Hier 21 mars des nouvelles de mon ami français : il a passé le cap après une semaine de toux et de fièvre et à surveiller de près son taux d’oxygène. Soulagement mais le boulet n’est pas passé loin et maintenant il tire une fatigue d’enfer : il est épuisé au moindre mouvement et aura besoin d’un certain temps à se remettre en forme (avant la pandémie il allait régulièrement à la salle de sport et se maintenant en forme raisonnable). Il reste encore au lit toute la journée mais le cap est passé, il s’en est sorti. Son médecin confirme que vraiment la premiere injection lui a permis de minimiser les réactions et d’éviter hospitalisation voire réanimation. Heureusement que le timing a été ce qu’il a été et qu’il avait reçu cette dose 2 semaines avant d’être contaminé.

Leur fils de 12 ans a passé une seule une soirée avec 39 degrés de fièvre et c’est tout (symptômes quand même…)

Quant à la mère elle est passée au travers a priori, elle doit confirmer par un test PCR avant de pouvoir reprendre le travail (en présentiel partiel 1 à 2 jours par semaine, là elle était passée en 100% à distance). En tout état de cause elle n’aurait eu aucun symptôme si elle s’avère positive dans les jours qui viennent, ou alors elle est restée négative. Elle attend aussi le vaccin pour sa tranche d’âge avec impatience.

Arrogance

En mars dernier (2020), lors du changement d’heure le 8 mars j’avais écrit un petit texte sur l’arrogance des hommes qui veulent imposer leur volonté au soleil en changeant l’heure donnée par le soleil justement.

À lire ici:

https://michusa.wordpress.com/2020/03/08/lincroyable-arrogance-des-hommes/

J’avais prévu d’écrire d’autres articles sur l’arrogance des hommes, le changement d’heure qu’on nous impose pour des raisons qui nous échappent (monétaires financières à coup sûr et certainement pas pour faire des économies de quoi que ce soit — au contraire). J’avais prévu aussi d’écrire un article ou deux sur la journée internationale des droits des femmes qui tombait ce jour-là, celui du changement d’heure en 2020.

Puis la pandémie est passée par là et a tout écrasé de son rouleau compresseur, la pandémie ou ce que nous en avons fait —pas grand-chose en termes de monde d’après. Nous, le bas peuple, y avons presque cru, une demi-seconde, au tout début de ces « temps exceptionnels ».

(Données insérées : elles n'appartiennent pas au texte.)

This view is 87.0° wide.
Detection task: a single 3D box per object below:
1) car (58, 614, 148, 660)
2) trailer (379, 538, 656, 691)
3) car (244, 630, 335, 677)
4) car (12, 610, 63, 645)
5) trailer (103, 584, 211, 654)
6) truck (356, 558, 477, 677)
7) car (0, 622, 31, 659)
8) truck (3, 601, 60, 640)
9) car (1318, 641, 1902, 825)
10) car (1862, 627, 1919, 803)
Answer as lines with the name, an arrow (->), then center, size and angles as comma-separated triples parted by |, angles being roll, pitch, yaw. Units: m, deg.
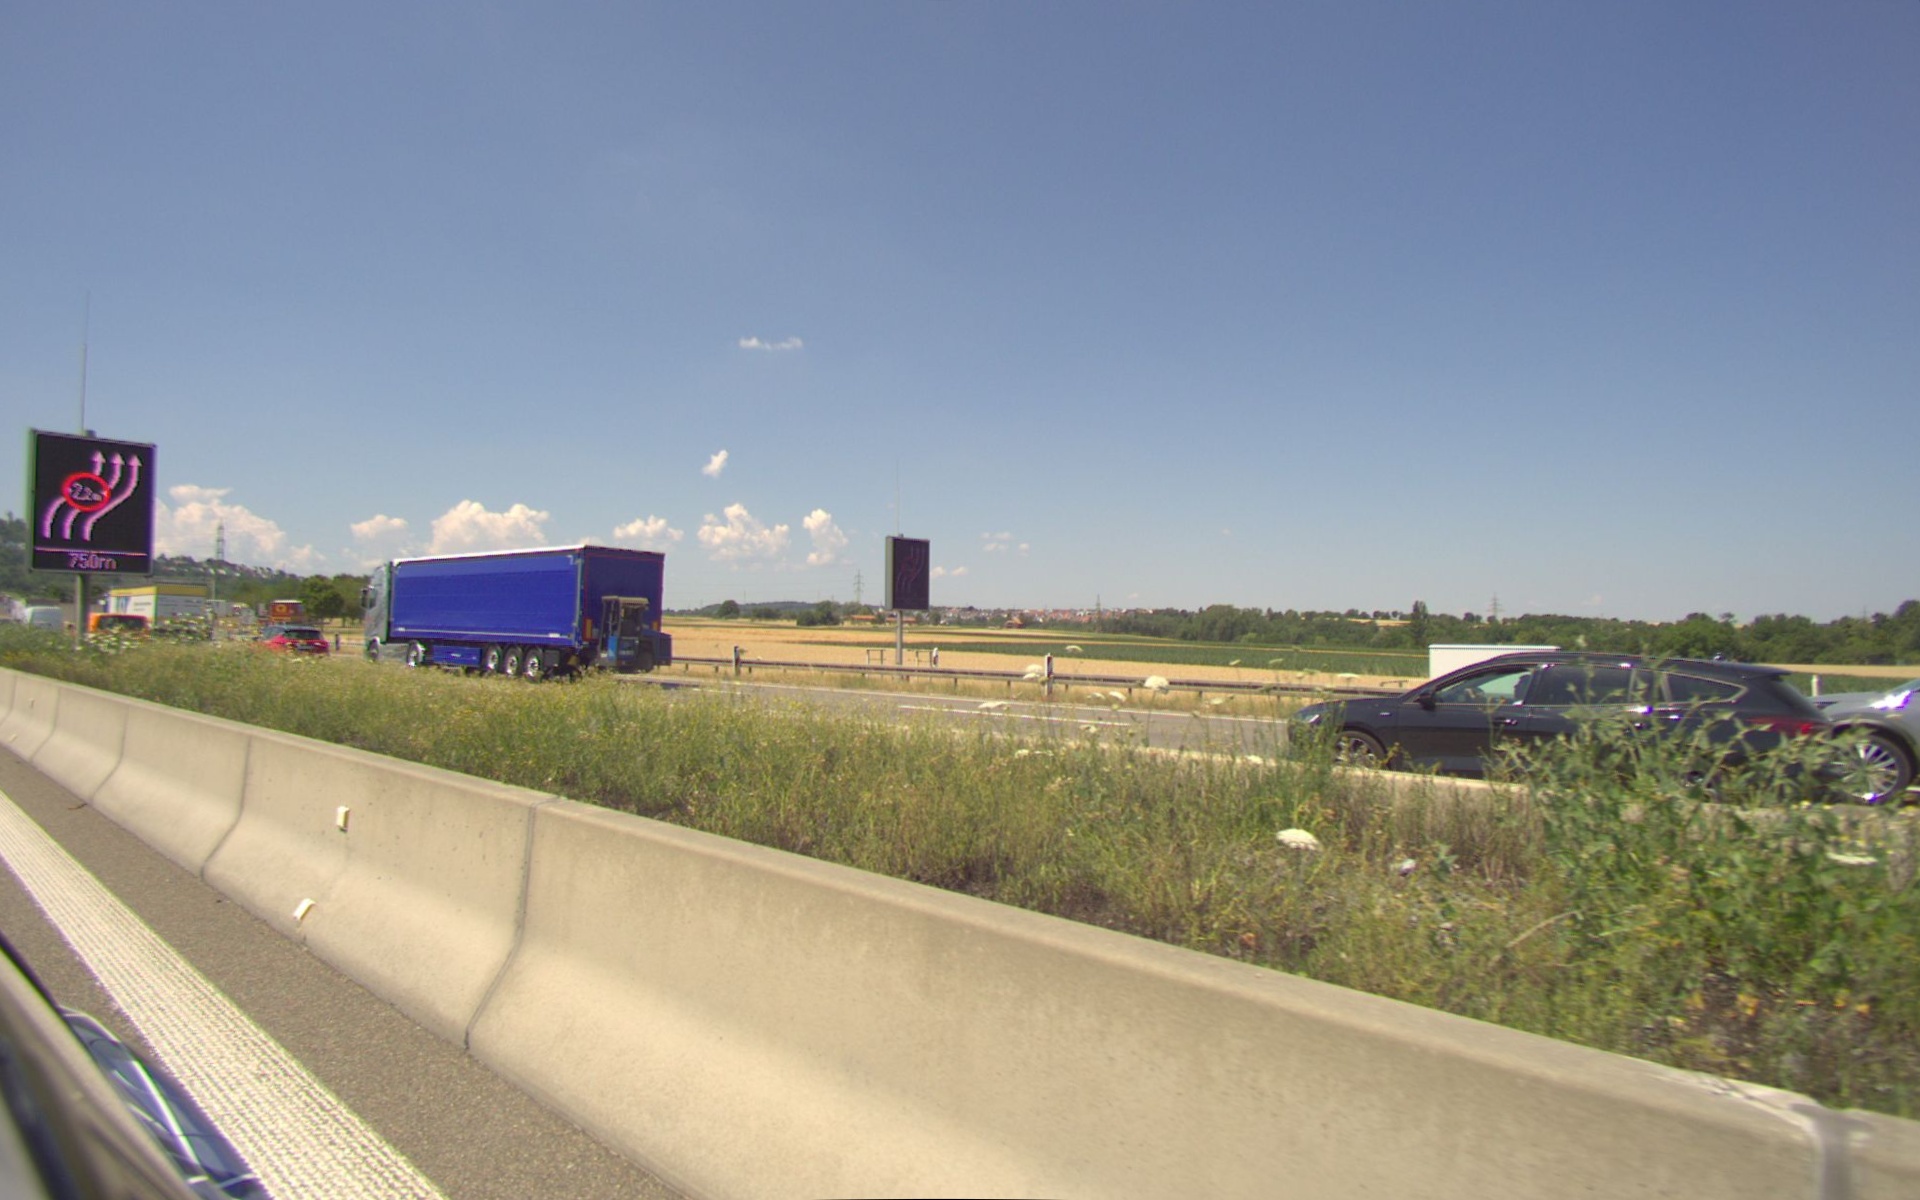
car -> -32.752, 1.368, 38.628 | 4.934, 1.590, 1.875 | 0, 0, 41
trailer -> -14.808, 0.546, 32.705 | 14.089, 4.118, 2.361 | -1, -3, 41
car -> -23.318, 1.810, 35.133 | 4.227, 1.519, 1.571 | -1, -3, 42
car -> -67.791, 2.046, 74.373 | 5.808, 2.520, 2.025 | -1, -3, 41
trailer -> -52.181, 1.312, 65.521 | 14.121, 4.160, 2.780 | -1, -3, 41
truck -> -20.112, 0.680, 37.376 | 4.657, 4.118, 2.386 | -1, -3, 41
car -> -53.901, 2.263, 56.923 | 4.684, 2.029, 1.972 | -2, -2, 42
truck -> -94.885, 2.091, 103.342 | 13.284, 3.637, 2.765 | -1, -4, 42
car -> 5.808, 1.081, 9.509 | 4.275, 1.334, 1.814 | -2, -4, 39
car -> 11.338, 1.151, 9.592 | 4.078, 1.732, 1.813 | -1, -4, 41

Donc je n’ai pas écrit ces articles, tout occupée que j’étais à gérer le quotidien chamboulé, faire attention sans trop savoir à quoi ni comment au début, me documenter avec toutes les informations parcellaires et contradictoires du début aussi. On en a toujours de ces informations contradictoires, s’il y a une chose que la pandémie n’a pas changée — au contraire je dirais presque — c’est le « en même temps » …

Et un an plus tard quasiment jour pour jour, rien n’a changé ou presque sur le fond : nos façons de faire au niveau global, nos sociétés, la finance, le profit, la compétition inutile, la course droit vers le mur, les mêmes logiques, celles qui nous ont menées à cette crise, et à toutes les crises d’ailleurs, continuent de prévaloir. Seul notre quotidien (celui du bas peuple essentiellement) a changé, en pire bien entendu. Le pire dans tout ça c’est que c’est le bas peuple qui est montré du doigt et sermonné quand « les chiffres » (tout un programme, il y en aurait à raconter sur « les chiffres » auquel on fait dire ce que l’on veut, tout et son contraire absolu dans la même foulée, cela s’appelle de la politique et pas au sens noble du terme, qui a disparu depuis bien longtemps), quand les « chiffres » donc sont « mauvais ».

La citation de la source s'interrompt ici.